Some days later, on our way to Verona, we arrange for a stopover at Valeggio sul Mincio, a little, picturesque village famous not only for its mediaeval bridge, but also for its pasta. And rightfully so, as a visit to Ristorante Alla Borsa proves. Its interior design might just as well be that of a Tyrollean roadhouse, and the service, headed by a waiter who appears to be Walter de’ Silva’s grumpy, more corpulent younger brother, leaves a lot to be desired (attentiveness and politeness being on top of that list) – but all of this doesn’t matter once the pasta arrives, which is an enchanting concoction of the most tender of pastes and extraordinarily aromatic filling, served simply with melted butter and parmesan.
The latter of which we have to nick from another, unused table, as Walter and his minions could not be bothered. But we can probably only blame ourselves, as we have already revealed ourselves as ignorant tourists by not complaining about the Insalata Caprese my girlfriend had ordered: half of it actually didn’t consist of Mozzarella di Buffala, as indicated by the menu. Those guests who make do with cow’s milk mozzarella probably also have a habit of doing without parmesan. Our bad, Signore de’ Silva!
Then it is on to Verona, which is flooded with tourists, yet still charming as always. An abandoned cinema in a side street acts as particularly poignant contrast to all those elegant young ragazze that can be made out among the onslaught of tourists – the range of Italian attractions is seemingly endless. And also includes caffè e dolci at a rather agreeable pasticceria before we head back to Salò.
There, and after yet another heavy congestion on the dreaded motorway, we enjoy the final, and utmost culinary delight of this visit – this being no faint praise, as Salò isn’t exactly wanting for agreeable places to have a bite at. But Osteria di Mezzo is simply the best among them. The family running the place are, plain and simple, the most warm-hearted hosts one can imagine, just as the chef nonchalantly delivers food that isn’t that far off Michelin-starred spheres. If creative, yet unpretentious cuisine happens to be up your alley, you simply need to go down that small alleyway to Osteria di Mezzo if you’re in the area – be it for the range of cheeses (which actually exceeds a fair few Michelin-starred restaurants both in terms of quality and quantity) or the surprisingly abstract apple dessert I couldn’t help but devour with the most basic of pleasures.

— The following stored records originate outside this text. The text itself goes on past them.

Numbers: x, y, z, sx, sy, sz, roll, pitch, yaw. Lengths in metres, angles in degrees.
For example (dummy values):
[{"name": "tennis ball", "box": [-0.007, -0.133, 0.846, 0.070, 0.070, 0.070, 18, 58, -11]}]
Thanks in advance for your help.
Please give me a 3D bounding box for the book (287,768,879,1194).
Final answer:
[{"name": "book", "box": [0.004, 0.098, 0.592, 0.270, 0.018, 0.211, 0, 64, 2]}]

Regrettably, and not just because of that apple dessert, we have to pack the Jag for the homebound journey eventually. A visit to Alfa’s Museo Storico is on the cards and quickly disappears again, as we decide to have one last pizza by the lakeside before our departure instead. It doesn’t make leaving any easier, it must be said. So it’s filling up the Jag yet again, before we finally set off.

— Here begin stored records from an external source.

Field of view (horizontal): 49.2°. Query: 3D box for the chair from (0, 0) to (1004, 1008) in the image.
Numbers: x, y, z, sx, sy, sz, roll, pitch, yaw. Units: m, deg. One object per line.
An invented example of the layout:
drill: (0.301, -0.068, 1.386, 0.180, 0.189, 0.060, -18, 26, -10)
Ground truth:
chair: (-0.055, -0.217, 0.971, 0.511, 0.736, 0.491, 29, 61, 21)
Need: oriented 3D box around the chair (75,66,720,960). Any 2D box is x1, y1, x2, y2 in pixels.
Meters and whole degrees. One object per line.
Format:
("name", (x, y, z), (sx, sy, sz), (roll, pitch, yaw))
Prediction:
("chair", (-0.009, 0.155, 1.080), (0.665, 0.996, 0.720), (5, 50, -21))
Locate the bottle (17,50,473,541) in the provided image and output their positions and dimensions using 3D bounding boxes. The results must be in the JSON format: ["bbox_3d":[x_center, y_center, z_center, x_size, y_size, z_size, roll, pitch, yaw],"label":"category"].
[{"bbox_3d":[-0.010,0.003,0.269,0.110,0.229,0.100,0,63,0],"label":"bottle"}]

The drive heading North is naturally not as cheerful as the outbound trip, but similarly comfortable, which is some consolation. This car obviously likes Switzerland, that’s for certain. Maybe that’s due to its additional cavity sealing, which it shares with the XJs imported here through Emil Frey. Or maybe not.
The one little glitch that has made itself apparent during this journey is that the air conditioning begins sending warm to hot air through the lower vents by the drive shaft after a few hours of operation, just as the centre console begins to heat up noticeably. The effect of this is more peculiar than dramatic, as the upper vents keep on blowing cool air into the cabin, but strange it remains nonetheless.

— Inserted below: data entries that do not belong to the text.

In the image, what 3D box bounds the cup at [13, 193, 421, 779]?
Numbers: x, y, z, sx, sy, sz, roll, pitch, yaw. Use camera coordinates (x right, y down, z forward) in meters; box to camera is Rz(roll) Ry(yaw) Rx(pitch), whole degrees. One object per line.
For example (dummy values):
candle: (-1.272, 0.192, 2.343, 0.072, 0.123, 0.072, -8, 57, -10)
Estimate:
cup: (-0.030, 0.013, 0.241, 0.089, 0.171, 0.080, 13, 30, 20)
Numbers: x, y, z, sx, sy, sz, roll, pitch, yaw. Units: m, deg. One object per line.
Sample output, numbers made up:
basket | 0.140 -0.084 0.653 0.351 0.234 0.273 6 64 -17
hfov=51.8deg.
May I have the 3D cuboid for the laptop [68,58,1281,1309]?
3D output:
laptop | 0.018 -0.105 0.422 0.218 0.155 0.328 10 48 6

Yet I’d consider this a minor niggle among the bigger scheme of things. After all, this 25-year-old car has transported the two of us – as well as a Great Dane for certain stretches – some 3000 kilometres, purring away for hours on end.
Bringing this particular car to the country of La Bella Figura had been a dream of mine for years. And it has not been a disappointment.
We at Driven To Write don’t do advertorials and pay for board and lodging ourselves. Really.